City bus transport is a mode of transportation inside the city with a specified route. The service ranges into routes in cities, capital cities, provinces or districts. The service extends into in large Indonesian cities such as Medan, Batam, Padang, Palembang, Bandar Lampung, Greater Jakarta, Bandung (Trans Bandung Raya), Yogyakarta, Surakarta, Semarang, Jember, Surabaya, Denpasar (Trans Sarbagita), Makassar, Kendari and Manado.

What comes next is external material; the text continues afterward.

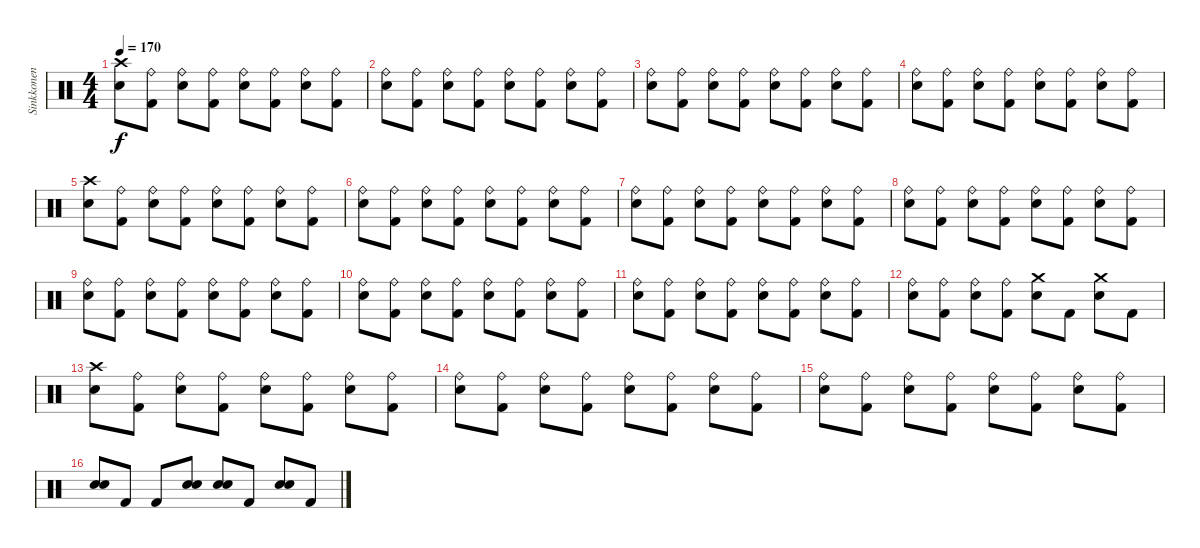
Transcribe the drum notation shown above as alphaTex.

==== Strategic Business Unit Transjakarta ====
In the past, DAMRI operated 66 Zhongtong LCK6180GC Doosan CNG Euro V articulated buses (in red-orange-yellow livery) for Transjakarta. Perum DAMRI also operated 21 INKA Inobus Cummins ATC 320 CNG Series, which are now retired for its contract period is over. Main corridors that were served were Corridor 5 (Kampung Melayu-Ancol) Corridor 8 (Harmoni-Lebak Bulus), Corridor 9 (Pluit-Pinang Ranti) and Corridor 10 (PGC-Tanjung Priok). As of January 2021, all operations of the Zhongtong units were ceased, and replaced by newer units owned by Perum PPD (in white-blue livery).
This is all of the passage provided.